Segment Start: Records shown

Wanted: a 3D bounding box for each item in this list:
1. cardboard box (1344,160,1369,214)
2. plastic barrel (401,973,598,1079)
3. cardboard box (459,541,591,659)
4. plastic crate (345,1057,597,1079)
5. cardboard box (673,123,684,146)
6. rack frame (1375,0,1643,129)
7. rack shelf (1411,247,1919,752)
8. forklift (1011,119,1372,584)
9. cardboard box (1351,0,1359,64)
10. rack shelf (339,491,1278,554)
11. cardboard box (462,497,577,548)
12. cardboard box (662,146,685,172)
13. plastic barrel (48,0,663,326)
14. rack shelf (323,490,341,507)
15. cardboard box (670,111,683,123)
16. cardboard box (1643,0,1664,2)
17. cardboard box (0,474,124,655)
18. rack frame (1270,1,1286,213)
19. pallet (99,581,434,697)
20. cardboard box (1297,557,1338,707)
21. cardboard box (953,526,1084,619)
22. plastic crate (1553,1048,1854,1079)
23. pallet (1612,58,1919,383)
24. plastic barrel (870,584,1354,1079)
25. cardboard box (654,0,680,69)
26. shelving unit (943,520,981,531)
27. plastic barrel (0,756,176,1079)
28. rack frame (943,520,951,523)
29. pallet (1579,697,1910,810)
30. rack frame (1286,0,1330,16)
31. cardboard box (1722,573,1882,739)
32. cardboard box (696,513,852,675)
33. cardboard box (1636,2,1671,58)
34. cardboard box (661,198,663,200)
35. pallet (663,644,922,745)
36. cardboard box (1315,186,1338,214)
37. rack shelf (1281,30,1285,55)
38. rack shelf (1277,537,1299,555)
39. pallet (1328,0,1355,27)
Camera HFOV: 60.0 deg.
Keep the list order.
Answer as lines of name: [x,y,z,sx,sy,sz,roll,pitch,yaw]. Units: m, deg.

Segment End: Records shown
Segment Start: Records shown

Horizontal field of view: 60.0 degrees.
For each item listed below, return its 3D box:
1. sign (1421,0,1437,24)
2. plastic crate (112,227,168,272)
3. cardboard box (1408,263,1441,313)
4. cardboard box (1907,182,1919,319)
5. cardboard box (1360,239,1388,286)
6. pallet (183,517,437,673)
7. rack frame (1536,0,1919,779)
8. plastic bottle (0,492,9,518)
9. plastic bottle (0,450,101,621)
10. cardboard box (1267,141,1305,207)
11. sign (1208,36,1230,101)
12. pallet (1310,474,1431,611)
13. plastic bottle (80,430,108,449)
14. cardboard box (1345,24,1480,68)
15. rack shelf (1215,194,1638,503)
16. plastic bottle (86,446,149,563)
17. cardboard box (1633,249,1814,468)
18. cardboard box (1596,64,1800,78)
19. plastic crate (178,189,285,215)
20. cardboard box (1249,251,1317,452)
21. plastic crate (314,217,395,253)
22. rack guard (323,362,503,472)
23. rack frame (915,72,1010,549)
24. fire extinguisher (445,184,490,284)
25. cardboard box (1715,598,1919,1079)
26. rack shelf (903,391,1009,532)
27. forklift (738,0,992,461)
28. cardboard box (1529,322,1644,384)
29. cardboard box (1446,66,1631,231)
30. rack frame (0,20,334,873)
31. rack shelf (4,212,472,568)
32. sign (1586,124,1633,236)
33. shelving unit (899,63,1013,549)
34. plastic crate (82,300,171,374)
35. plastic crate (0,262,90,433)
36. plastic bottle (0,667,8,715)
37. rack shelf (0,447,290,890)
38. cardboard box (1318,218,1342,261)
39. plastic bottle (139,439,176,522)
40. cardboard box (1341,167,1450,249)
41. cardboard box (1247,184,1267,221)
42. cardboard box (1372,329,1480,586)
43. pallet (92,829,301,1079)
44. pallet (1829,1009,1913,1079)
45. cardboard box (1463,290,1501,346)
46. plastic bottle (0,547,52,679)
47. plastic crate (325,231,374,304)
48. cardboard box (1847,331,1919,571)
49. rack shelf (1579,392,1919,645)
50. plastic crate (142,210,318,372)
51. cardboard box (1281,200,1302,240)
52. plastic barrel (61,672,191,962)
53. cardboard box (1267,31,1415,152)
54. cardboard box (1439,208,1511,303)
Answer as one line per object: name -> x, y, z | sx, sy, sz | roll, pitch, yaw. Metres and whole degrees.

Segment End: Records shown

--- Exercise aim ---
For this task, write out exactly the lines of the entries above, starting at the line with "Wanted: a 3D" and ending at the line with "27. plastic barrel (0,756,176,1079)", both included, and no others.

--- Solution for this problem ---
Wanted: a 3D bounding box for each item in this list:
1. cardboard box (1344,160,1369,214)
2. plastic barrel (401,973,598,1079)
3. cardboard box (459,541,591,659)
4. plastic crate (345,1057,597,1079)
5. cardboard box (673,123,684,146)
6. rack frame (1375,0,1643,129)
7. rack shelf (1411,247,1919,752)
8. forklift (1011,119,1372,584)
9. cardboard box (1351,0,1359,64)
10. rack shelf (339,491,1278,554)
11. cardboard box (462,497,577,548)
12. cardboard box (662,146,685,172)
13. plastic barrel (48,0,663,326)
14. rack shelf (323,490,341,507)
15. cardboard box (670,111,683,123)
16. cardboard box (1643,0,1664,2)
17. cardboard box (0,474,124,655)
18. rack frame (1270,1,1286,213)
19. pallet (99,581,434,697)
20. cardboard box (1297,557,1338,707)
21. cardboard box (953,526,1084,619)
22. plastic crate (1553,1048,1854,1079)
23. pallet (1612,58,1919,383)
24. plastic barrel (870,584,1354,1079)
25. cardboard box (654,0,680,69)
26. shelving unit (943,520,981,531)
27. plastic barrel (0,756,176,1079)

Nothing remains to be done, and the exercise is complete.